Após 45 anos do final da Guerra do Vietnã, o filme aborda a participação dos soldados negros neste conflito e chega oportunamente em meio aos protestos do movimento Black Lives Matter, reinflamados pela recente e brutal morte de George Floyd por um policial branco. Este projeto é o mais ambicioso de Spike Lee desde “Malcolm X” (1992), e contou com um orçamento de 40 milhões de dólares, um dos maiores de sua carreira. No ano passado, Lee ganhou o Oscar de melhor roteiro adaptado por “Infiltrado na Klan” – e parece que ele veio para brigar por outra estatueta.

Em “Destacamento Blood”, o diretor implementa seu estilo grandiloquente e abusa da metalinguagem, que é quando se usa referências de outros filmes na construção da narrativa, como na cena irônica do início do filme que cita abertamente “Apocalipse now”. Ele também pavimenta a história sobre a Guerra do Vietnã com arquivos da época e recupera as críticas ao conflito feitas por Muhammad Ali, Martin Luther King e Langston Hughes. 
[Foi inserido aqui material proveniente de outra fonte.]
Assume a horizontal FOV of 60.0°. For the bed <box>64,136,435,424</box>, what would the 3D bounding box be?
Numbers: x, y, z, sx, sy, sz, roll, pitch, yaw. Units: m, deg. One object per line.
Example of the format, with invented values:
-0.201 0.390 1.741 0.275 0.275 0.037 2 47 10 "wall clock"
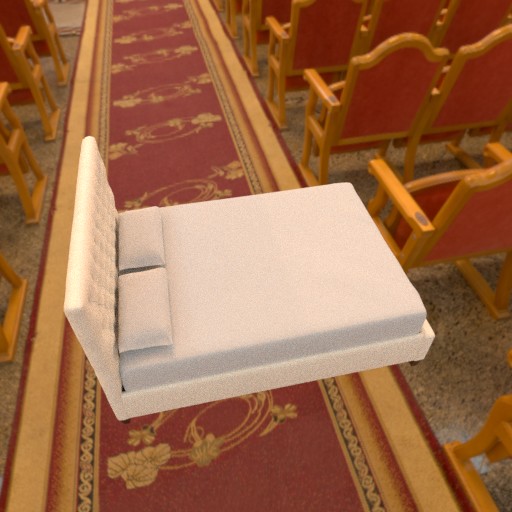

A história dos 4 veteranos que voltam ao lugar onde travaram batalhas em nome de seu país, é bastante interessante. Tem um tom de aventura e suspense e usa recursos estéticos ao melhor estilo Lee. As atuações são corretas, mesmo quando os diálogos são longos. Vale conferir o monólogo do personagem Paul (Delroy Lindo), olhando diretamente para a câmera, uma performance digna de Oscar. Perturbado, dilacerado e eleitor confesso de Trump, ele é a encarnação da comunidade negra sem esperança, alvo fácil para promessas de ex-apresentadores de Reality shows. 

Mas o grande trunfo de “Destacamento Blood” é sua relação com as revoltas antirracistas atuais, que conferem a Spike Lee um incrível senso de oportunidade. Num dos diálogos mais interessantes, enquanto os Bloods questionam o fato de tantos negros terem sido enviados à guerra para morrer, o personagem Stormin’ Norman, interpretado pelo Pantera Negra Chadwick Boseman, diz: “Toda vez que saio pela porta da frente, vejo policiais patrulhando meu bairro como se fosse algum tipo de estado policial. Eu posso sentir o quanto eu não valho”. 

Lee consegue situar uma história particular num contexto mais amplo, questionando o racismo estrutural e criticando acidamente o presidente Donald Trump. Sua montagem liga, com precisão, os absurdos da guerra do Vietnã com a tragédia racial dos EUA atuais.  É certo que por vezes o roteiro beira o inverossímil, mas isso não prejudica a obra, ao contrário, é uma assinatura cinematográfica de Spike Lee, que mais uma vez acerta ao nos dar uma boa dose de diversão, política e acidez.